Background: Magnetoencephalography (MEG) provides a promising, non-invasive medium for characterizing high temporal brain dynamics and functional connectivity (FC) networks. MEG based studies often include a source space signal reconstruction from the sensor data. However, spatial filters or inverse solutions that are used for source signal reconstruction induce a linear interaction between the source signals, and this phenomenon is often termed as a signal leakage. Therefore, the observed FC between the source signals may be partially or entirely due to signal leakage. In the present study, we demonstrated the usefulness of independent component analysis (ICA) to orthogonalize reconstructed source signals to suppress signal leakage before FC computation. We also compared the ICA based orthogonalization approach to commonly used linear regression, and orthogonalization in complex domain (Hipp orthogonalization) approaches.
Methods: We used band-limited (i.e. alpha and beta frequency bands) amplitude time series correlation as a measure of FC. Before FC computation, the seed and test voxel time series were orthogonalized using ICA, linear regression and Hipp orthogonalization methods to suppress the signal leakage. We performed an evaluation using simulated MEG data and real resting state MEG data.

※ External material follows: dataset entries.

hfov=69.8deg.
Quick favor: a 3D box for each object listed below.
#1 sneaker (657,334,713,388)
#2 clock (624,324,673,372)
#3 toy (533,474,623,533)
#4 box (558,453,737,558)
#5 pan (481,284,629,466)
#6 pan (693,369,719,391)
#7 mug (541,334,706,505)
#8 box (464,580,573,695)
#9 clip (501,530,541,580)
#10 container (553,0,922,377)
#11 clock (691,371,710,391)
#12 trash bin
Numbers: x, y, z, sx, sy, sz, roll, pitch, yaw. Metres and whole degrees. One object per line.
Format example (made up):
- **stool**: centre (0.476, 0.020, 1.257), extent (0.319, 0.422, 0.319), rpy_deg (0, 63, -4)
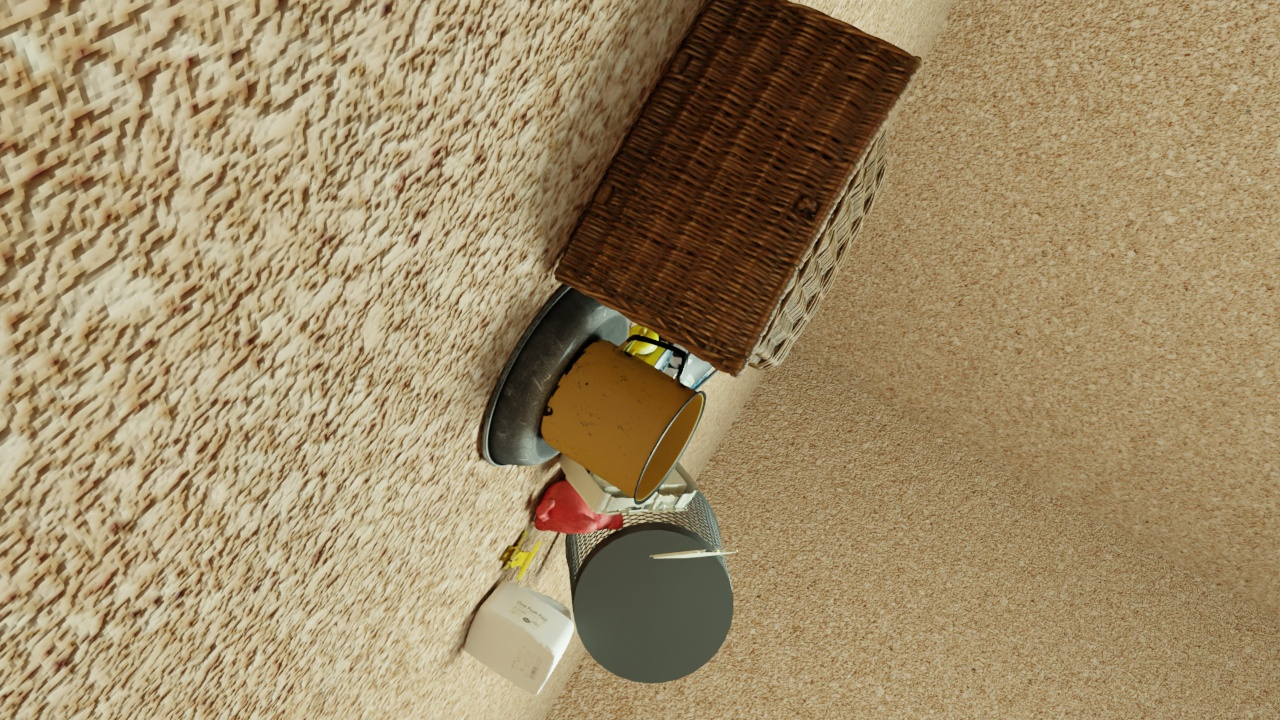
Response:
- **sneaker**: centre (0.036, 0.004, 1.058), extent (0.236, 0.084, 0.078), rpy_deg (-55, 177, 27)
- **clock**: centre (-0.006, 0.006, 0.977), extent (0.083, 0.057, 0.119), rpy_deg (-58, 170, -10)
- **toy**: centre (-0.084, 0.152, 1.050), extent (0.132, 0.088, 0.094), rpy_deg (11, 75, -59)
- **box**: centre (0.001, 0.169, 1.006), extent (0.143, 0.186, 0.070), rpy_deg (5, 122, -39)
- **pan**: centre (-0.061, 0.035, 0.848), extent (0.187, 0.055, 0.357), rpy_deg (-57, 165, -12)
- **pan**: centre (0.037, 0.082, 1.210), extent (0.353, 0.024, 0.217), rpy_deg (-41, 179, -22)
- **mug**: centre (-0.010, 0.035, 0.715), extent (0.100, 0.094, 0.124), rpy_deg (-24, 141, -63)
- **box**: centre (-0.127, 0.312, 1.103), extent (0.136, 0.109, 0.121), rpy_deg (-46, 163, -51)
- **clip**: centre (-0.141, 0.219, 1.037), extent (0.049, 0.044, 0.054), rpy_deg (29, 93, -38)
- **container**: centre (0.086, -0.117, 0.709), extent (0.250, 0.162, 0.183), rpy_deg (-60, 159, 0)
- **clock**: centre (0.073, 0.010, 1.357), extent (0.116, 0.060, 0.161), rpy_deg (-59, 171, -4)
- **trash bin**: centre (0.009, 0.272, 1.176), extent (0.218, 0.217, 0.227), rpy_deg (-61, -174, 5)
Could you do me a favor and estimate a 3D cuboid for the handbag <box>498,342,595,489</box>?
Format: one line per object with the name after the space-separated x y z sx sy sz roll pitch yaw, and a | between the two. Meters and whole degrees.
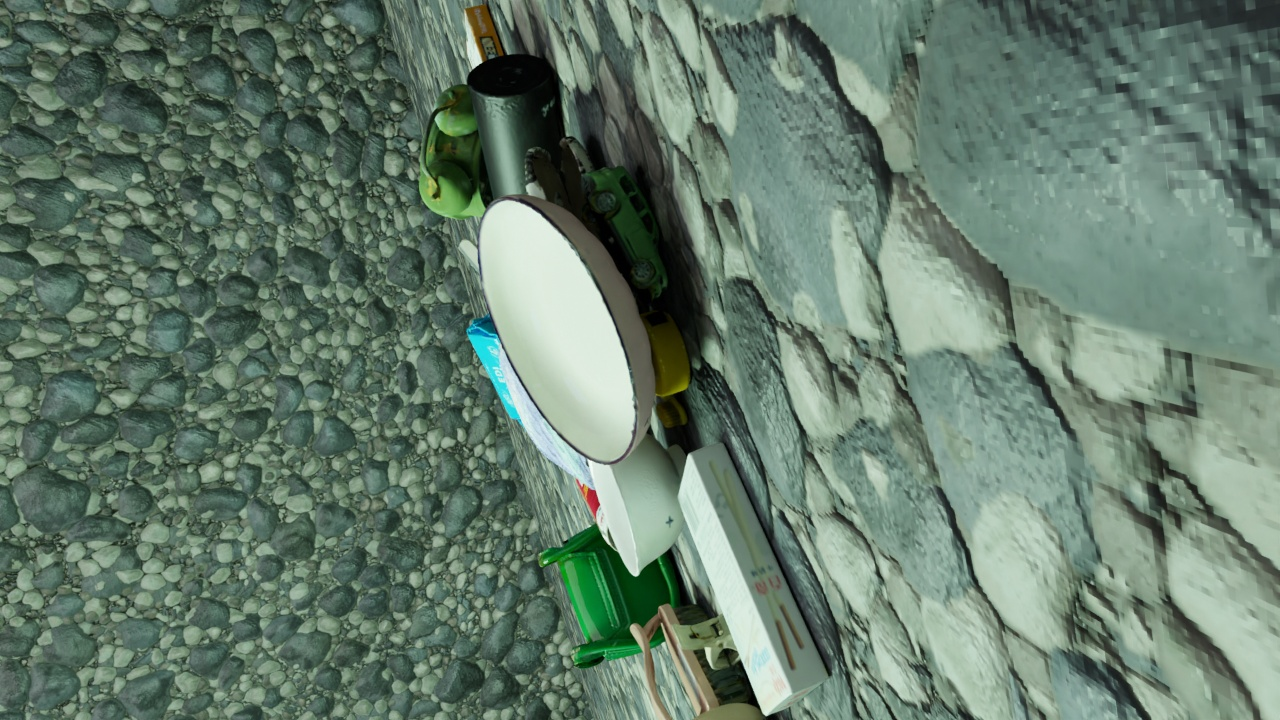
-0.066 0.033 0.856 0.194 0.075 0.134 20 134 64 | handbag

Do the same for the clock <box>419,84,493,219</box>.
-0.151 -0.184 0.826 0.161 0.056 0.116 -7 -70 -69 | clock

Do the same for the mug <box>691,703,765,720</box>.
0.084 0.326 0.665 0.124 0.084 0.103 51 -178 -37 | mug

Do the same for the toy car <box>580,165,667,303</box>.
-0.009 -0.080 0.584 0.091 0.036 0.043 66 166 -3 | toy car

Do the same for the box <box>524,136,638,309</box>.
-0.033 -0.088 0.692 0.074 0.077 0.163 -39 -70 -82 | box

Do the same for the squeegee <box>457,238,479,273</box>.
-0.114 -0.117 0.998 0.246 0.039 0.247 49 154 17 | squeegee

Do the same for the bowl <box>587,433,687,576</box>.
0.006 0.097 0.700 0.118 0.064 0.118 162 90 -77 | bowl

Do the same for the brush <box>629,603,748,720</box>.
0.037 0.256 0.763 0.145 0.073 0.063 -127 22 -61 | brush

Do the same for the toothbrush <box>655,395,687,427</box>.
-0.004 0.004 0.729 0.190 0.016 0.016 -128 23 -58 | toothbrush

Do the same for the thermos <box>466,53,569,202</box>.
-0.098 -0.153 0.825 0.243 0.068 0.089 86 -175 -47 | thermos

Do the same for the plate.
-0.046 -0.023 0.618 0.192 0.039 0.193 41 146 37 | plate

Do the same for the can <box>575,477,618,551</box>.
-0.022 0.128 0.844 0.133 0.053 0.053 -136 31 -69 | can

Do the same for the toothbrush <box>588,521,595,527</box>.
-0.035 0.233 1.179 0.020 0.029 0.190 -67 14 -4 | toothbrush

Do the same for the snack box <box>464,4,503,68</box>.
-0.148 -0.282 0.950 0.075 0.026 0.153 113 138 -72 | snack box

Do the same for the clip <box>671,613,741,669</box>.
0.059 0.201 0.679 0.097 0.060 0.034 71 176 -59 | clip

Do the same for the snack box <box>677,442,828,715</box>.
0.065 0.138 0.582 0.085 0.027 0.156 97 153 -61 | snack box

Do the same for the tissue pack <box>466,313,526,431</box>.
-0.121 -0.004 0.984 0.063 0.089 0.140 5 129 43 | tissue pack

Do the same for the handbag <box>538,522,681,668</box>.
-0.026 0.219 0.882 0.068 0.120 0.131 89 159 -70 | handbag

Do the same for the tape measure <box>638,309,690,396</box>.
0.011 -0.004 0.623 0.057 0.029 0.060 -162 55 -74 | tape measure

Results: Analysis of simulated MEG data indicates that ICA based orthogonalization approach effectively suppressed the spurious FC due to signal leakage where the false positive rate was as per expectation. Analysis of real resting MEG signal showed that ICA based orthogonalization efficiently suppress the spurious FC for test voxels located nearby to the seed voxel where the signal leakage is very much likely. However, it didn't suppress the actual FC for test voxels located remotely from the seed voxel where the signal leakage is unlikely.
Conclusion: ICA based orthogonalization offers a straightforward and efficient alternative tool to alleviate the spurious FC due to signal leakage in reconstructed MEG source signals.